What this task involves: Across the listing, the lines that include "name" must be tallied and reported as a bare number.

Dataset:
[Start of section]
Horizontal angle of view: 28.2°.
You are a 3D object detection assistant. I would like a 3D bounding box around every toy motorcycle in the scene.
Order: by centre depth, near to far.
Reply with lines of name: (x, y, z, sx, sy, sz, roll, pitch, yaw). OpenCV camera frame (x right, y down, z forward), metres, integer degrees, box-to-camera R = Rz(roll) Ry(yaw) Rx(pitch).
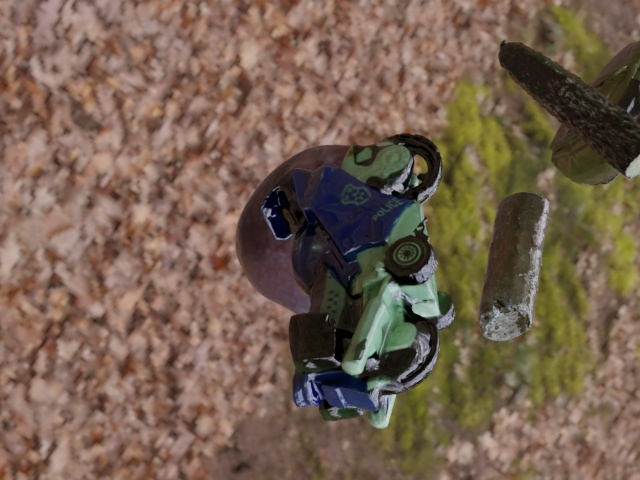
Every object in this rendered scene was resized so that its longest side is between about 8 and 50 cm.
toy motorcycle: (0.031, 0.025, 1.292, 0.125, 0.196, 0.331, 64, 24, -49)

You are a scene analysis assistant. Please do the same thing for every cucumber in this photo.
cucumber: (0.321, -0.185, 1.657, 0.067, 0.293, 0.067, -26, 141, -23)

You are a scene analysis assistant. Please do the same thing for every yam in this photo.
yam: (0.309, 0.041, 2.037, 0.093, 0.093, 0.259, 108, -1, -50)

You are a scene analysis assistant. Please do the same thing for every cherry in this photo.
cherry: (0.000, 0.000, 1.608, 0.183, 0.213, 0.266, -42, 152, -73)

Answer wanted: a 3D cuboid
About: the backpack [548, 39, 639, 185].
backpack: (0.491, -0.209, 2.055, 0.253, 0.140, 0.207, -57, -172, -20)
[End of section]
[Start of section]
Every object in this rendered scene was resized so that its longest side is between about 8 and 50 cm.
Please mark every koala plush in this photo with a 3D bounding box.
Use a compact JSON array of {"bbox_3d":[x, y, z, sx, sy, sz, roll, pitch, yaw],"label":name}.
[End of section]
Completed task: 2